WHAT TO DO >> Would you print exactly the lines that begin the listing and continue through the line holding "This is just"? No pictures, please.

(SOURCE RECORDS begins)

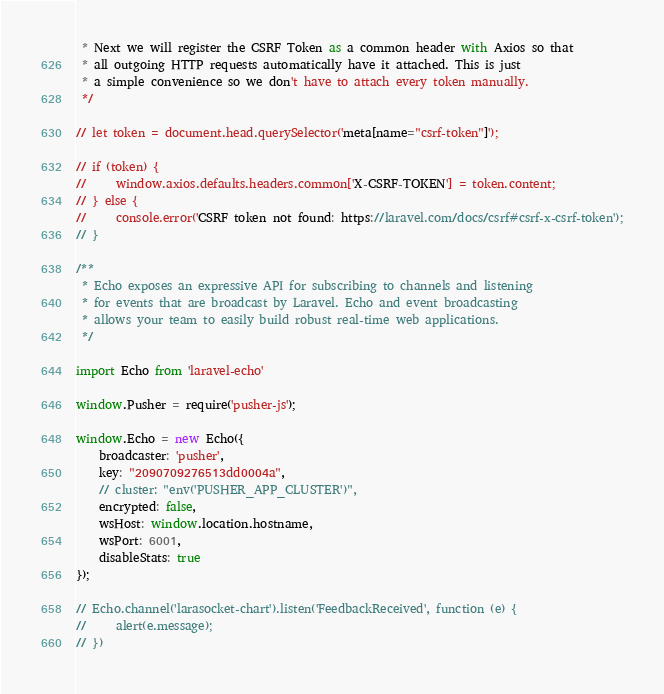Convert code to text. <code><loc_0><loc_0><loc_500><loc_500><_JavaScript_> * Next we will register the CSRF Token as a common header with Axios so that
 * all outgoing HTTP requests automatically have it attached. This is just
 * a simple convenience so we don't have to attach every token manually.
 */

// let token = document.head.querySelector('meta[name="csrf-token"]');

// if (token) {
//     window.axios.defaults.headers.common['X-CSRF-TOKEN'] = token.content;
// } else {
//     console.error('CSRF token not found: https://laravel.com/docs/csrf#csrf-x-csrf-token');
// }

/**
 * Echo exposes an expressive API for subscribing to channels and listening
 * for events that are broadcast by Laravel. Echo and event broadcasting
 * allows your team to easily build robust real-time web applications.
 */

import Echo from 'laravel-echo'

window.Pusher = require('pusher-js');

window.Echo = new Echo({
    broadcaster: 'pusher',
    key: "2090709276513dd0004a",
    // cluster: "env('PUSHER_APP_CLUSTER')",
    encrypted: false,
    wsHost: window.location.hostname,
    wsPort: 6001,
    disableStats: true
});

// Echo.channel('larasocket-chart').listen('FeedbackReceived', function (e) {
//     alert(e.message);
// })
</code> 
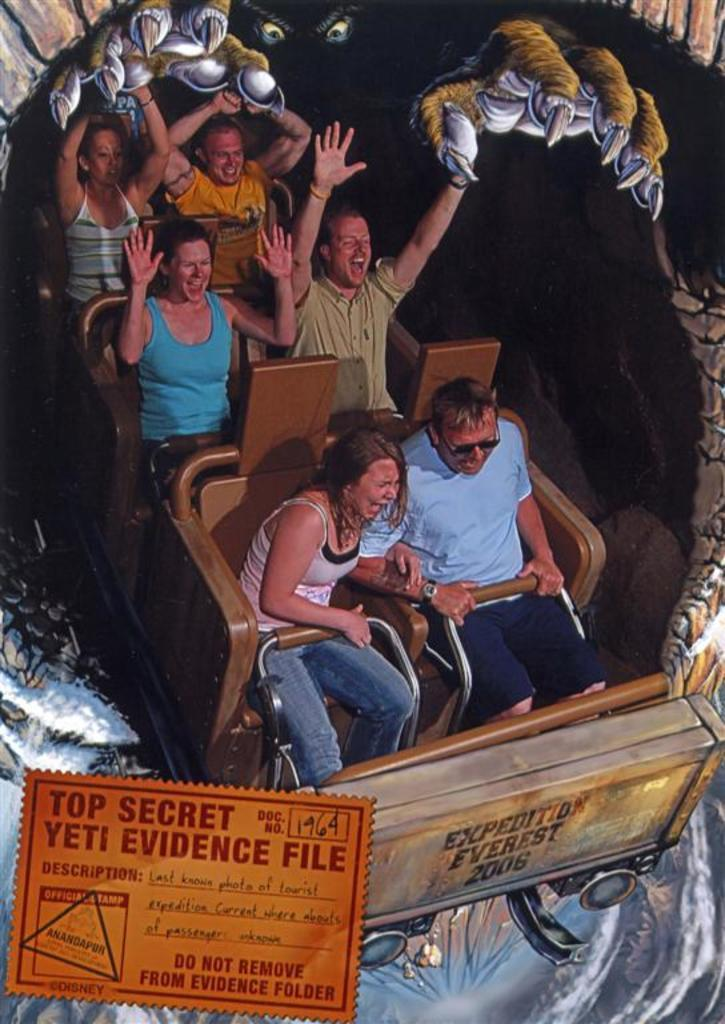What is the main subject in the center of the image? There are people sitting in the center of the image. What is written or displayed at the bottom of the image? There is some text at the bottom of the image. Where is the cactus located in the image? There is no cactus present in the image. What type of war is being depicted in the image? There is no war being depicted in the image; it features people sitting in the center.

(SOURCE RECORDS ends)

SOLUTION TO THIS TASK >>
Convert code to text. <code><loc_0><loc_0><loc_500><loc_500><_JavaScript_> * Next we will register the CSRF Token as a common header with Axios so that
 * all outgoing HTTP requests automatically have it attached. This is just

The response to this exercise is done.